Molecular modeling is an important part of this process as it allows analyzing the contributions of individual amino-acids localized in the murine CDR loops and in the framework regions. This step is essential to identify residues eligible for back mutations and those which can be mutated for further properties optimization. Amino-acids involved in the variable regions can be classified as follows:

  • Residues involved in the antibody-antigen interaction,

  • Residues playing a structural role, for instance by maintaining the CDR loop conformation or stabilizing the VH-VL interaction,

  • Residues interacting with the solvent.

Residues from the murine framework regions considered as critical to maintain the conformation of the CDR loops and the antibody bioactivity will be back mutated in the selected human germlines.

The human germline selection is based on sequence homology but other humanization variants, demonstrating lower sequence homology but presenting good physicochemical properties, can be tested. In a humanization project, ProteoGenix selects several heavy chains and light chains in order to generate between 9 and 18 combinations.
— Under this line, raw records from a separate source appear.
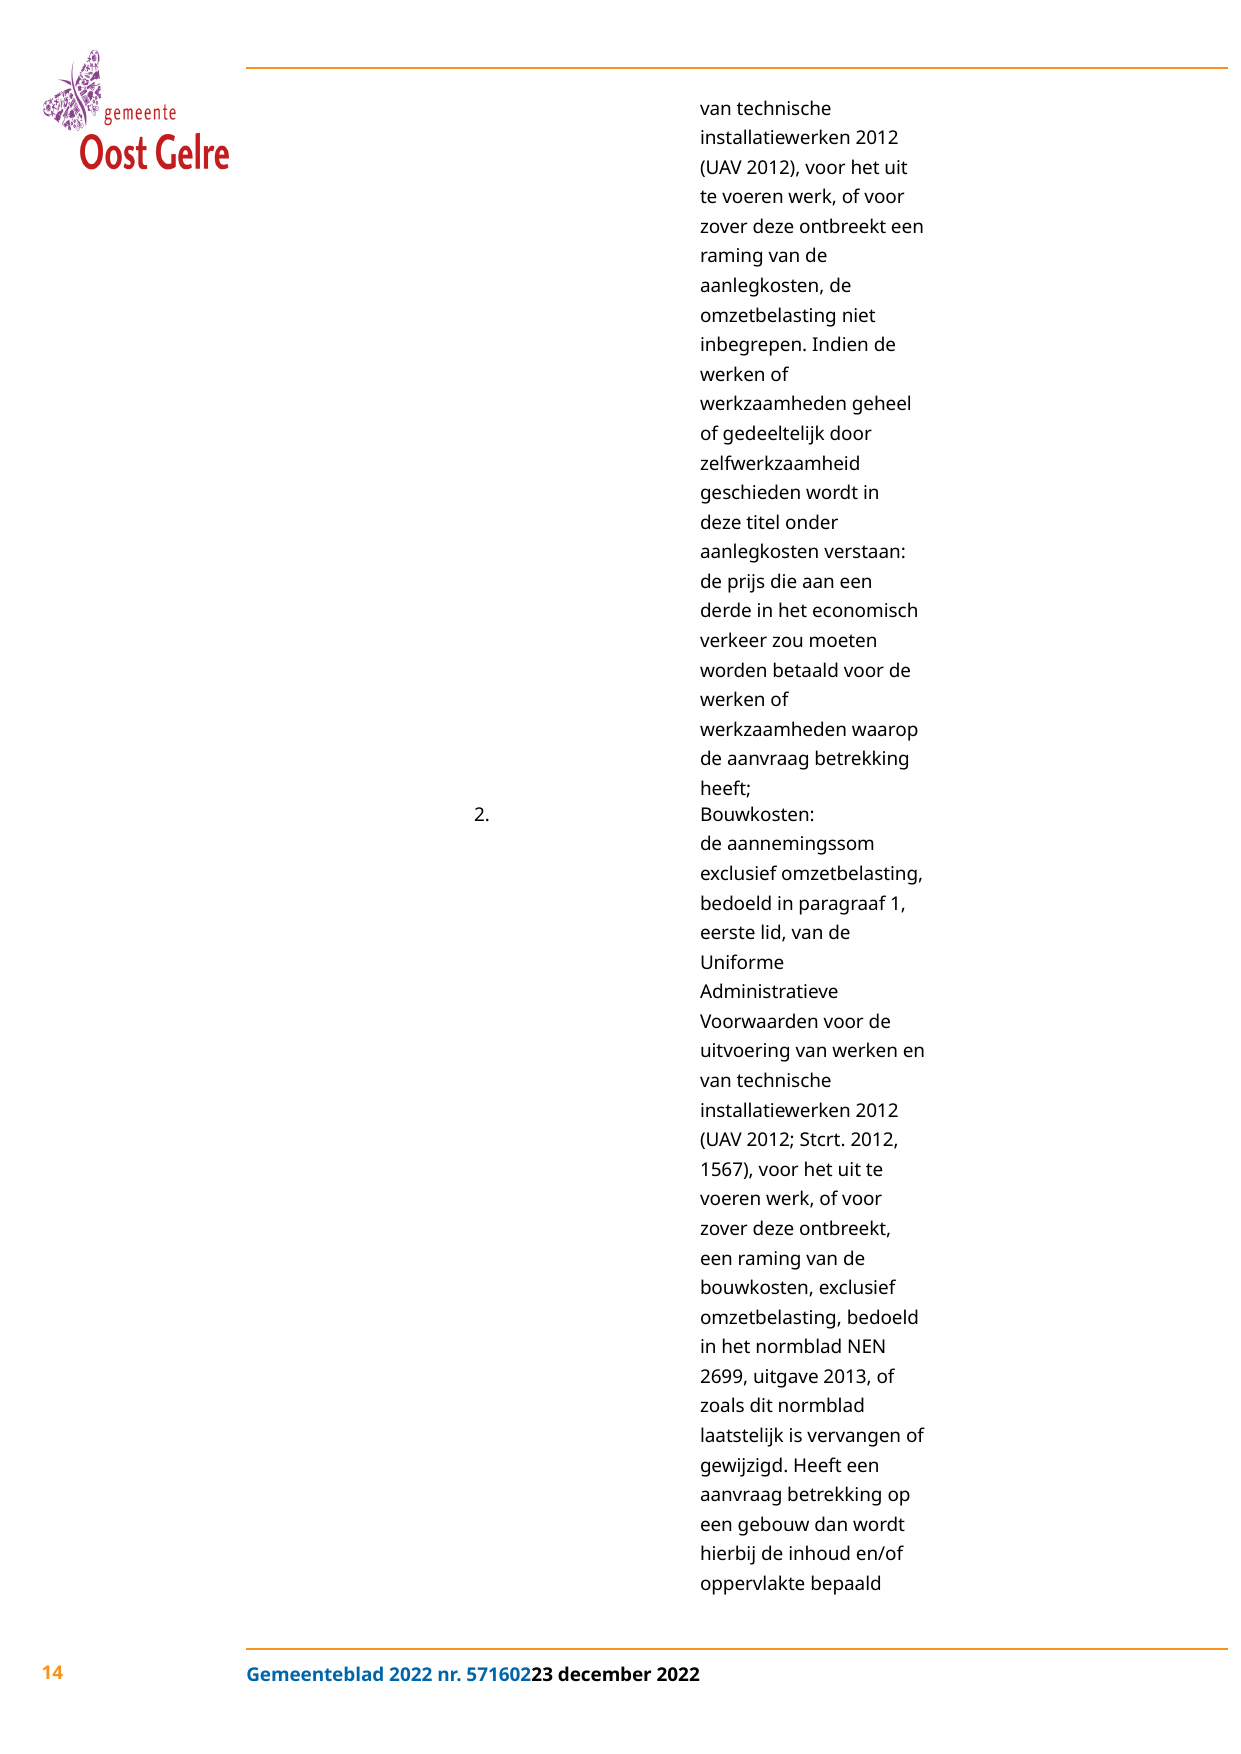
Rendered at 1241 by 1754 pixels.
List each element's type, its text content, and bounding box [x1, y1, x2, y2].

table_cell [248, 95, 474, 801]
table_cell [248, 801, 474, 1596]
table_cell [926, 95, 1152, 801]
table_cell Bouwkosten: de aannemingssom exclusief omzetbelasting, bedoeld in paragraaf 1, eerste lid, van de Uniforme Administratieve Voorwaarden voor de uitvoering van werken en van technische installatiewerken 2012 (UAV 2012; Stcrt. 2012, 1567), voor het uit te voeren werk, of voor zover deze ontbreekt, een raming van de bouwkosten, exclusief omzetbelasting, bedoeld in het normblad NEN 2699, uitgave 2013, of zoals dit normblad laatstelijk is vervangen of gewijzigd. Heeft een aanvraag betrekking op een gebouw dan wordt hierbij de inhoud en/of oppervlakte bepaald [700, 801, 926, 1596]
table_cell 2. [474, 801, 700, 1596]
table_cell [474, 95, 700, 801]
table_cell van technische installatiewerken 2012 (UAV 2012), voor het uit te voeren werk, of voor zover deze ontbreekt een raming van de aanlegkosten, de omzetbelasting niet inbegrepen. Indien de werken of werkzaamheden geheel of gedeeltelijk door zelfwerkzaamheid geschieden wordt in deze titel onder aanlegkosten verstaan: de prijs die aan een derde in het economisch verkeer zou moeten worden betaald voor de werken of werkzaamheden waarop de aanvraag betrekking heeft; [700, 95, 926, 801]
picture [41, 47, 231, 172]
table_cell [926, 801, 1152, 1596]
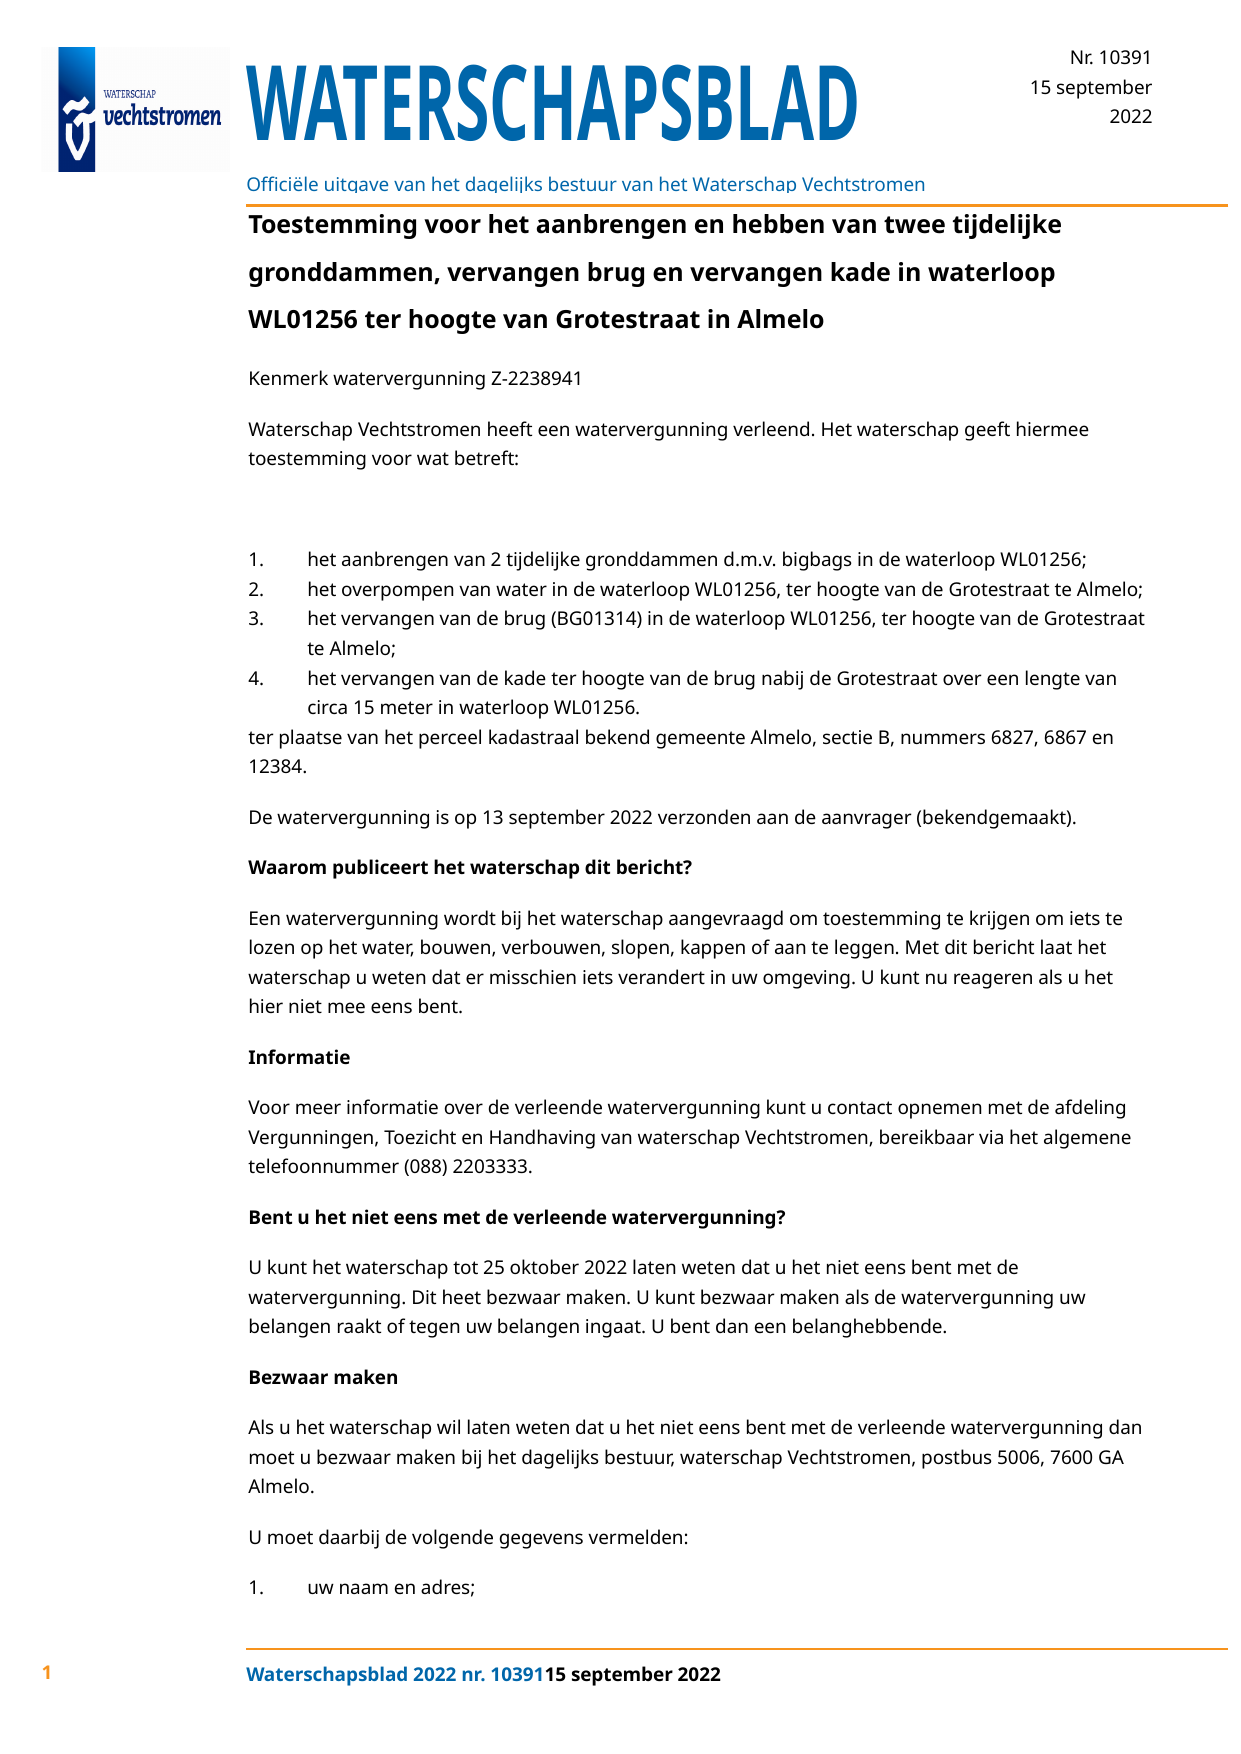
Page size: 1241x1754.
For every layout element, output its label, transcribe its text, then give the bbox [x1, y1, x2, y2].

text U kunt het waterschap tot 25 oktober 2022 laten weten dat u het niet eens bent met de watervergunning. Dit heet bezwaar maken. U kunt bezwaar maken als de watervergunning uw belangen raakt of tegen uw belangen ingaat. U bent dan een belanghebbende. [248, 1254, 1152, 1339]
picture [41, 47, 231, 172]
list het vervangen van de brug (BG01314) in de waterloop WL01256, ter hoogte van de Grotestraat te Almelo; [248, 606, 1152, 661]
text Waterschap Vechtstromen heeft een watervergunning verleend. Het waterschap geeft hiermee toestemming voor wat betreft: [248, 416, 1152, 471]
text Bent u het niet eens met de verleende watervergunning? [248, 1204, 1152, 1229]
list het overpompen van water in de waterloop WL01256, ter hoogte van de Grotestraat te Almelo; [248, 576, 1152, 602]
list uw naam en adres; [248, 1574, 1152, 1600]
text Informatie [248, 1044, 1152, 1069]
text U moet daarbij de volgende gegevens vermelden: [248, 1524, 1152, 1549]
text Toestemming voor het aanbrengen en hebben van twee tijdelijke gronddammen, vervangen brug en vervangen kade in waterloop WL01256 ter hoogte van Grotestraat in Almelo [248, 207, 1152, 336]
text Als u het waterschap wil laten weten dat u het niet eens bent met de verleende watervergunning dan moet u bezwaar maken bij het dagelijks bestuur, waterschap Vechtstromen, postbus 5006, 7600 GA Almelo. [248, 1414, 1152, 1499]
text ter plaatse van het perceel kadastraal bekend gemeente Almelo, sectie B, nummers 6827, 6867 en 12384. [248, 724, 1152, 779]
list het vervangen van de kade ter hoogte van de brug nabij de Grotestraat over een lengte van circa 15 meter in waterloop WL01256. [248, 665, 1152, 720]
text Voor meer informatie over de verleende watervergunning kunt u contact opnemen met de afdeling Vergunningen, Toezicht en Handhaving van waterschap Vechtstromen, bereikbaar via het algemene telefoonnummer (088) 2203333. [248, 1094, 1152, 1179]
list het aanbrengen van 2 tijdelijke gronddammen d.m.v. bigbags in de waterloop WL01256; [248, 546, 1152, 572]
text Bezwaar maken [248, 1364, 1152, 1389]
text Waarom publiceert het waterschap dit bericht? [248, 854, 1152, 880]
text De watervergunning is op 13 september 2022 verzonden aan de aanvrager (bekendgemaakt). [248, 804, 1152, 829]
text Een watervergunning wordt bij het waterschap aangevraagd om toestemming te krijgen om iets te lozen op het water, bouwen, verbouwen, slopen, kappen of aan te leggen. Met dit bericht laat het waterschap u weten dat er misschien iets verandert in uw omgeving. U kunt nu reageren als u het hier niet mee eens bent. [248, 905, 1152, 1019]
text Kenmerk watervergunning Z-2238941 [248, 366, 1152, 391]

The different antibody generated are further characterized and compared to the reference parental and/or chimeric antibody in order to assess their:

  • Immunogenicity,

  • Physicochemical properties (stability, aggregation rate…),

  • Pharmacological properties (affinity, specificity…),

  • Manufacturability.

Following successful testing, lead candidates can be selected for further humanization and/or CDRs sequence optimization for improvement of biophysical properties (heterogeneity, fragmentation, aggregation…) and manufacturability (bioproduction).

Comprehensive antibody affinity maturation services can be done via phage display using custom libraries generated by random or target mutagenesis.